• [YOUR ASSIGNMENT] Without the images, write out all of the following entries exactly.

┏━━

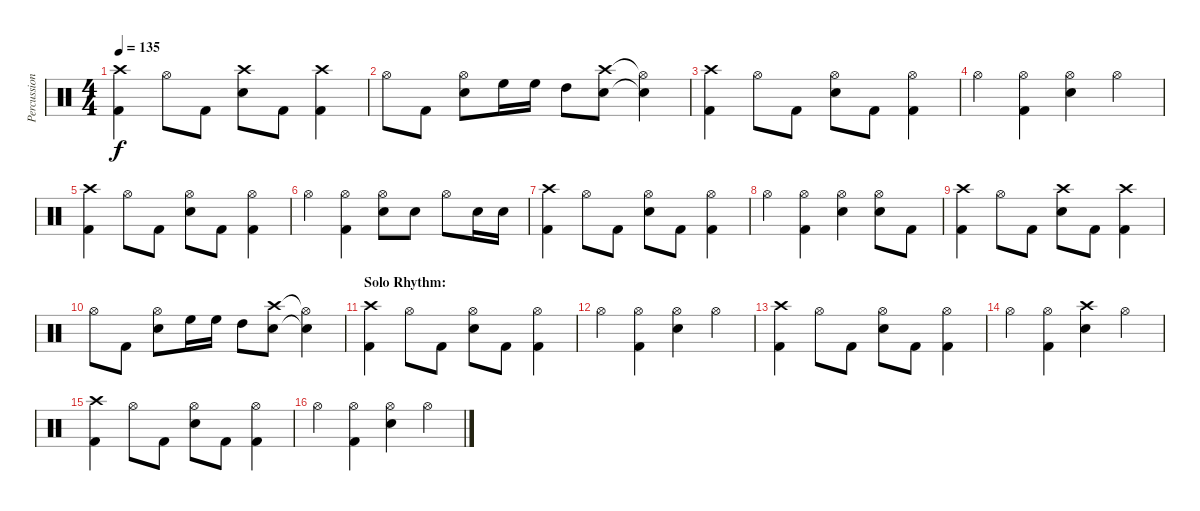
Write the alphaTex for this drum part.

\track ("Percussion" "Percussion") {instrument percussion}
\staff {score}
\articulation defaults
\ts (4 4)
\tempo 135
\clef neutral
\ks c
("Crash high (hit)" "Kick (hit) 2").4{dy f} "Hi-Hat (open)".8 "Kick (hit) 2".8 ("Crash high (hit)" "Electric Snare (hit)").8 "Kick (hit) 2".8 ("Crash high (hit)" "Kick (hit) 2").4 |
"Hi-Hat (open)".8 "Kick (hit) 2".8 ("Hi-Hat (open)" "Electric Snare (hit)").8 "High Floor Tom (hit)".16 "High Floor Tom (hit)".16 "High Tom (hit)".8 ("Crash high (hit)" "Electric Snare (hit)").8 ("Hi-Hat (open)"{t} "Snare (hit)"{t}).4 |
("Crash high (hit)" "Kick (hit) 2").4 "Hi-Hat (open)".8 "Kick (hit) 2".8 ("Hi-Hat (open)" "Electric Snare (hit)").8 "Kick (hit) 2".8 ("Hi-Hat (open)" "Kick (hit) 2").4 |
"Hi-Hat (open)".4 ("Hi-Hat (open)" "Kick (hit) 2").4 ("Hi-Hat (open)" "Electric Snare (hit)").4 "Hi-Hat (open)".4 |
("Crash high (hit)" "Kick (hit) 2").4 "Hi-Hat (open)".8 "Kick (hit) 2".8 ("Hi-Hat (open)" "Electric Snare (hit)").8 "Kick (hit) 2".8 ("Hi-Hat (open)" "Kick (hit) 2").4 |
"Hi-Hat (open)".4 ("Hi-Hat (open)" "Kick (hit) 2").4 ("Hi-Hat (open)" "Electric Snare (hit)").8 "Electric Snare (hit)".8 "Hi-Hat (open)".8 "Electric Snare (hit)".16 "Electric Snare (hit)".16 |
("Crash high (hit)" "Kick (hit) 2").4 "Hi-Hat (open)".8 "Kick (hit) 2".8 ("Hi-Hat (open)" "Electric Snare (hit)").8 "Kick (hit) 2".8 ("Hi-Hat (open)" "Kick (hit) 2").4 |
"Hi-Hat (open)".4 ("Hi-Hat (open)" "Kick (hit) 2").4 ("Hi-Hat (open)" "Electric Snare (hit)").4 ("Hi-Hat (open)" "Electric Snare (hit)").8 "Kick (hit) 2".8 |
("Crash high (hit)" "Kick (hit) 2").4 "Hi-Hat (open)".8 "Kick (hit) 2".8 ("Crash high (hit)" "Electric Snare (hit)").8 "Kick (hit) 2".8 ("Crash high (hit)" "Kick (hit) 2").4 |
"Hi-Hat (open)".8 "Kick (hit) 2".8 ("Hi-Hat (open)" "Electric Snare (hit)").8 "High Floor Tom (hit)".16 "High Floor Tom (hit)".16 "High Tom (hit)".8 ("Crash high (hit)" "Electric Snare (hit)").8 ("Hi-Hat (open)"{t} "Snare (hit)"{t}).4 |
\section ("" "Solo Rhythm:")
("Crash high (hit)" "Kick (hit) 2").4 "Hi-Hat (open)".8 "Kick (hit) 2".8 ("Hi-Hat (open)" "Electric Snare (hit)").8 "Kick (hit) 2".8 ("Hi-Hat (open)" "Kick (hit) 2").4 |
"Hi-Hat (open)".4 ("Hi-Hat (open)" "Kick (hit) 2").4 ("Hi-Hat (open)" "Electric Snare (hit)").4 "Hi-Hat (open)".4 |
("Crash high (hit)" "Kick (hit) 2").4 "Hi-Hat (open)".8 "Kick (hit) 2".8 ("Hi-Hat (open)" "Electric Snare (hit)").8 "Kick (hit) 2".8 ("Hi-Hat (open)" "Kick (hit) 2").4 |
"Hi-Hat (open)".4 ("Hi-Hat (open)" "Kick (hit) 2").4 ("Crash high (hit)" "Electric Snare (hit)").4 "Hi-Hat (open)".4 |
("Crash high (hit)" "Kick (hit) 2").4 "Hi-Hat (open)".8 "Kick (hit) 2".8 ("Hi-Hat (open)" "Electric Snare (hit)").8 "Kick (hit) 2".8 ("Hi-Hat (open)" "Kick (hit) 2").4 |
"Hi-Hat (open)".4 ("Hi-Hat (open)" "Kick (hit) 2").4 ("Hi-Hat (open)" "Electric Snare (hit)").4 "Hi-Hat (open)".4

┗━━

• [WRITTEN ANSWER]
Write the alphaTex for this drum part.

\track ("Percussion" "Percussion") {instrument percussion}
\staff {score}
\articulation defaults
\ts (4 4)
\tempo 135
\clef neutral
\ks c
("Crash high (hit)" "Kick (hit) 2").4{dy f} "Hi-Hat (open)".8 "Kick (hit) 2".8 ("Crash high (hit)" "Electric Snare (hit)").8 "Kick (hit) 2".8 ("Crash high (hit)" "Kick (hit) 2").4 |
"Hi-Hat (open)".8 "Kick (hit) 2".8 ("Hi-Hat (open)" "Electric Snare (hit)").8 "High Floor Tom (hit)".16 "High Floor Tom (hit)".16 "High Tom (hit)".8 ("Crash high (hit)" "Electric Snare (hit)").8 ("Hi-Hat (open)"{t} "Snare (hit)"{t}).4 |
("Crash high (hit)" "Kick (hit) 2").4 "Hi-Hat (open)".8 "Kick (hit) 2".8 ("Hi-Hat (open)" "Electric Snare (hit)").8 "Kick (hit) 2".8 ("Hi-Hat (open)" "Kick (hit) 2").4 |
"Hi-Hat (open)".4 ("Hi-Hat (open)" "Kick (hit) 2").4 ("Hi-Hat (open)" "Electric Snare (hit)").4 "Hi-Hat (open)".4 |
("Crash high (hit)" "Kick (hit) 2").4 "Hi-Hat (open)".8 "Kick (hit) 2".8 ("Hi-Hat (open)" "Electric Snare (hit)").8 "Kick (hit) 2".8 ("Hi-Hat (open)" "Kick (hit) 2").4 |
"Hi-Hat (open)".4 ("Hi-Hat (open)" "Kick (hit) 2").4 ("Hi-Hat (open)" "Electric Snare (hit)").8 "Electric Snare (hit)".8 "Hi-Hat (open)".8 "Electric Snare (hit)".16 "Electric Snare (hit)".16 |
("Crash high (hit)" "Kick (hit) 2").4 "Hi-Hat (open)".8 "Kick (hit) 2".8 ("Hi-Hat (open)" "Electric Snare (hit)").8 "Kick (hit) 2".8 ("Hi-Hat (open)" "Kick (hit) 2").4 |
"Hi-Hat (open)".4 ("Hi-Hat (open)" "Kick (hit) 2").4 ("Hi-Hat (open)" "Electric Snare (hit)").4 ("Hi-Hat (open)" "Electric Snare (hit)").8 "Kick (hit) 2".8 |
("Crash high (hit)" "Kick (hit) 2").4 "Hi-Hat (open)".8 "Kick (hit) 2".8 ("Crash high (hit)" "Electric Snare (hit)").8 "Kick (hit) 2".8 ("Crash high (hit)" "Kick (hit) 2").4 |
"Hi-Hat (open)".8 "Kick (hit) 2".8 ("Hi-Hat (open)" "Electric Snare (hit)").8 "High Floor Tom (hit)".16 "High Floor Tom (hit)".16 "High Tom (hit)".8 ("Crash high (hit)" "Electric Snare (hit)").8 ("Hi-Hat (open)"{t} "Snare (hit)"{t}).4 |
\section ("" "Solo Rhythm:")
("Crash high (hit)" "Kick (hit) 2").4 "Hi-Hat (open)".8 "Kick (hit) 2".8 ("Hi-Hat (open)" "Electric Snare (hit)").8 "Kick (hit) 2".8 ("Hi-Hat (open)" "Kick (hit) 2").4 |
"Hi-Hat (open)".4 ("Hi-Hat (open)" "Kick (hit) 2").4 ("Hi-Hat (open)" "Electric Snare (hit)").4 "Hi-Hat (open)".4 |
("Crash high (hit)" "Kick (hit) 2").4 "Hi-Hat (open)".8 "Kick (hit) 2".8 ("Hi-Hat (open)" "Electric Snare (hit)").8 "Kick (hit) 2".8 ("Hi-Hat (open)" "Kick (hit) 2").4 |
"Hi-Hat (open)".4 ("Hi-Hat (open)" "Kick (hit) 2").4 ("Crash high (hit)" "Electric Snare (hit)").4 "Hi-Hat (open)".4 |
("Crash high (hit)" "Kick (hit) 2").4 "Hi-Hat (open)".8 "Kick (hit) 2".8 ("Hi-Hat (open)" "Electric Snare (hit)").8 "Kick (hit) 2".8 ("Hi-Hat (open)" "Kick (hit) 2").4 |
"Hi-Hat (open)".4 ("Hi-Hat (open)" "Kick (hit) 2").4 ("Hi-Hat (open)" "Electric Snare (hit)").4 "Hi-Hat (open)".4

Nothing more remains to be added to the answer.